MoveOn.org rallied its base on Friday. "The President has said many, many times that a public option is the best way to keep insurance companies honest and lower skyrocketing health care costs. Senate Democrats are ready to fight for a public option -- if the White House gives up now, it would be a tragic mistake," said an e-mail to the group's membership.
White House aides responded to the pressure not by embracing Reid's more aggressive stance, but by denying reports that he was discouraging the opt-out proposal.
"The report is false," Dan Pfeiffer, a top White House aide whose portfolio includes health care, said of a story in Talking Points Memo. "The White House continues to work with the Senate on the merging of the two bills. We are making good progress toward enacting comprehensive health reform."
But the push-back, say sources with direct knowledge of deliberations between leadership and the administration, does not square with Obama's private indications to Senate leaders. The sources say that the president has left little doubt about his apprehension regarding an opt-out approach.

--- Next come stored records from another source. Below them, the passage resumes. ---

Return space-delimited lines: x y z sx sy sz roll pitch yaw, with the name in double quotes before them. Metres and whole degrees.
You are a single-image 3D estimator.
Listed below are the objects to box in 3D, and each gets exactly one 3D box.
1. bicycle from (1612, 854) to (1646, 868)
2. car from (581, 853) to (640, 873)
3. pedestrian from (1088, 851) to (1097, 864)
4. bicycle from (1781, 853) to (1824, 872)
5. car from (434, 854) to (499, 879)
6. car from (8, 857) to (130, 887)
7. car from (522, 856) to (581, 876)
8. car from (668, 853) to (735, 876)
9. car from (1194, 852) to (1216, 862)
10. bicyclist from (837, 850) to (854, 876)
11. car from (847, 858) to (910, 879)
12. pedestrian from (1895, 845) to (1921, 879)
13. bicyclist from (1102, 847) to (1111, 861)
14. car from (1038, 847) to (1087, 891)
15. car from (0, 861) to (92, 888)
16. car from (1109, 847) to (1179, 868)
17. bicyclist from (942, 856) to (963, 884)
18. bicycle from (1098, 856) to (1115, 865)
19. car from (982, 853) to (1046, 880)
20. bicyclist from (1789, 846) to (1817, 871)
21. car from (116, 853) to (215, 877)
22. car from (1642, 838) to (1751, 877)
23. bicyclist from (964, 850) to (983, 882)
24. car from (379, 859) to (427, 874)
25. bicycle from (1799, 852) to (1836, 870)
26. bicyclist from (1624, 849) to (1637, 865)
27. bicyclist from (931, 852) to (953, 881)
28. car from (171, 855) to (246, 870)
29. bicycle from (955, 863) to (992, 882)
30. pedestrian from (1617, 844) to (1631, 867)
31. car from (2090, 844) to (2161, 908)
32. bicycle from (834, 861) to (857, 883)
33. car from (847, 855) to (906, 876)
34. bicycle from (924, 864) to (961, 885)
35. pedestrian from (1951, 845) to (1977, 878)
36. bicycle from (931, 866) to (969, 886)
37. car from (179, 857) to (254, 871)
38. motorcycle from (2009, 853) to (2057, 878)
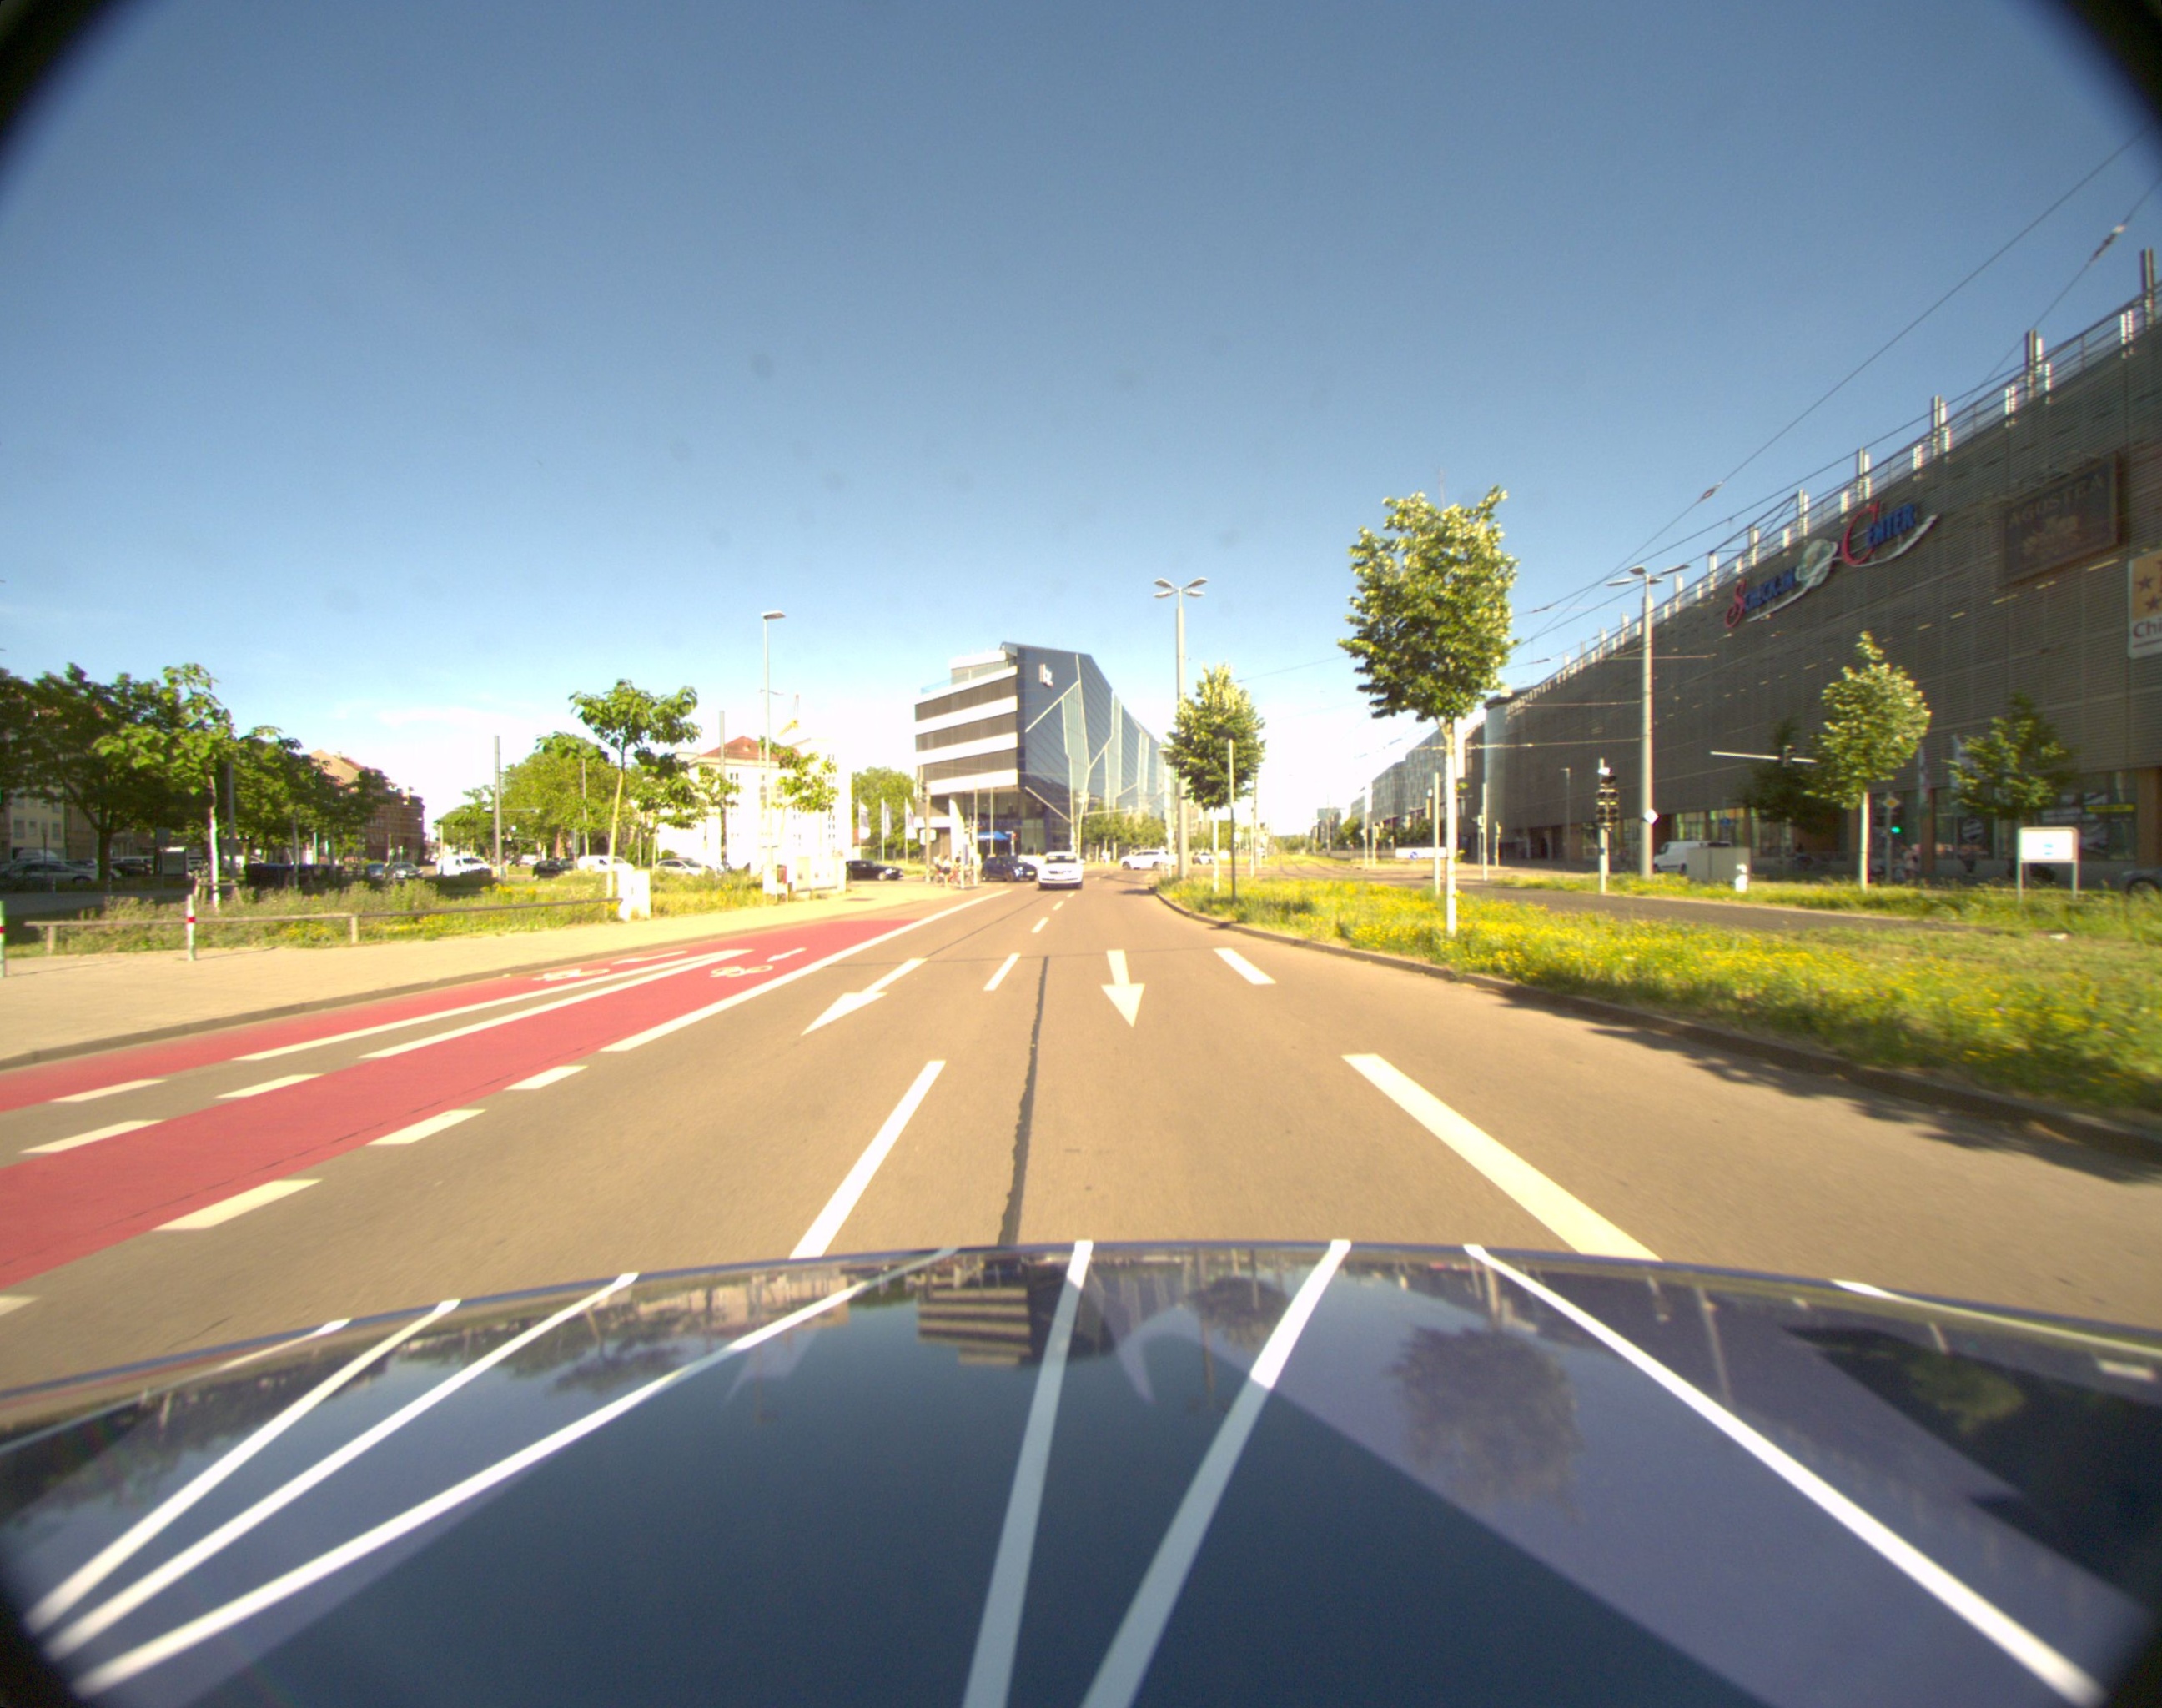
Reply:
"bicycle" 40.218 0.491 55.789 0.560 0.980 2.018 -1 1 -20
"car" -38.121 0.710 61.566 3.991 1.547 1.877 0 1 18
"pedestrian" 1.333 0.449 89.430 0.855 1.547 0.614 0 1 19
"bicycle" 41.507 0.482 43.744 0.597 1.004 2.571 0 1 14
"car" -50.231 0.998 62.088 4.644 1.970 1.877 0 1 18
"car" -61.939 1.061 46.605 1.996 1.652 4.004 0 1 15
"car" -41.010 0.917 58.816 3.990 1.547 1.878 0 1 23
"car" -27.206 0.739 54.554 3.992 1.547 1.877 0 1 14
"car" 13.424 0.318 82.376 1.996 1.084 4.004 0 1 14
"bicyclist" -12.581 0.464 40.610 0.698 1.369 0.736 2 0 -31
"car" -13.814 0.979 51.817 3.830 1.425 1.588 0 1 15
"pedestrian" 35.987 0.341 33.073 0.489 1.478 0.742 0 1 23
"bicyclist" 2.644 -0.011 78.645 0.760 1.402 0.773 0 1 25
"car" -0.745 0.614 33.506 1.873 1.621 4.336 -1 3 2
"car" -60.590 1.170 43.712 1.996 1.455 4.004 0 1 15
"car" 5.168 0.304 62.426 5.531 1.642 1.817 0 1 33
"bicyclist" -6.367 0.780 37.686 0.826 1.395 0.590 1 0 12
"bicycle" 2.648 0.695 78.660 0.768 0.835 2.572 0 1 25
"car" -4.061 0.711 45.697 1.878 1.547 3.989 -1 1 -40
"bicyclist" 41.513 0.263 43.692 0.592 1.399 1.314 0 1 14
"car" -73.844 0.862 61.423 1.729 1.761 4.799 0 1 15
"car" 33.952 0.178 42.143 2.225 2.002 5.258 -1 1 7
"bicyclist" -5.985 0.654 42.173 0.905 1.788 0.550 1 0 7
"car" -60.250 1.107 67.510 4.642 1.263 1.878 0 1 30
"bicycle" 44.067 0.385 45.486 0.572 1.032 1.952 0 1 9
"bicyclist" 40.254 0.206 55.634 0.560 1.133 0.562 -1 1 -20
"bicyclist" -8.010 0.707 43.792 1.001 1.645 0.596 2 1 27
"car" -85.936 0.807 74.925 1.995 1.453 4.408 0 1 25
"bicycle" -5.959 1.037 42.167 1.893 1.032 0.607 1 0 7
"pedestrian" 41.121 0.101 57.522 0.589 1.741 0.625 -1 1 -6
"car" 29.141 0.581 18.961 1.998 1.672 4.539 0 1 3
"bicycle" -12.563 0.940 40.544 0.698 1.098 2.006 2 -1 -31
"car" -15.123 0.839 56.166 3.829 1.423 1.670 0 4 12
"bicycle" -7.969 1.159 43.763 2.006 1.098 0.698 2 -1 27
"pedestrian" 40.707 0.320 35.023 0.490 1.510 0.650 0 1 17
"bicycle" -6.499 1.070 37.649 1.704 0.948 0.697 1 0 12
"car" -83.653 0.916 73.605 1.995 1.227 4.408 0 1 25
"motorcycle" 41.226 0.476 32.921 0.401 1.032 1.621 0 1 14

It is not philosophical, one White House aide explained, but is a matter of political practicality. If the votes were there to pass a robust public option through the Senate, the president would be leading the charge, the aide said. But after six months of concern that it would be filibustered, the bet among Obama's aides is that Reid is now simply being too optimistic in his whip count. The trigger proposal, said Democratic aides, has long been associated with White House Chief of Staff Rahm Emanuel.
"He's been so convinced by his political people from the beginning that we can't get a bill with a public option, he's internalized it. Even though it's now become obvious we can get a bill without selling out the public option, he's still on that path," said a top Democratic source. The White House, he said, continues to assure progressives it'll improve the bill in conference negotiations between the Senate and House, but advocates are unconvinced.
"If we're this close in the Senate and they're not helping us, I have a feeling they could screw us in the conference," said one.
Advocates of a public option largely consider a "trigger" the equivalent of no public option at all. A trigger would implement a public option only if insurance companies failed to meet certain benchmarks over time and it would only be implemented in the regions of the country where those benchmarks weren't met. The Medicare prescription drug proposal passed in 2003 includes a "trigger," but the public provision has never been activated despite soaring drug costs. The industry can help craft the trigger language and can game its stats to prevent it from becoming reality.
"The current state of our health system should be trigger enough for anyone who's paying attention," said a congressional aide in the middle of the health care battle. "The American people pulled the 'trigger' in November."
The intellectual father of the public option, Yale Professor Jacob Hacker, told HuffPost that the trigger proposal is a betrayal.
"The trigger is an inside-the-beltway sleight of hand that would protect private insurers from the real competition that a strong public health insurance option would create," he said in an e-mail. "It is unworkable in the current Senate bills, unwise as public policy, and unwanted by the substantial majority of Americans who say they want a straight-up public option."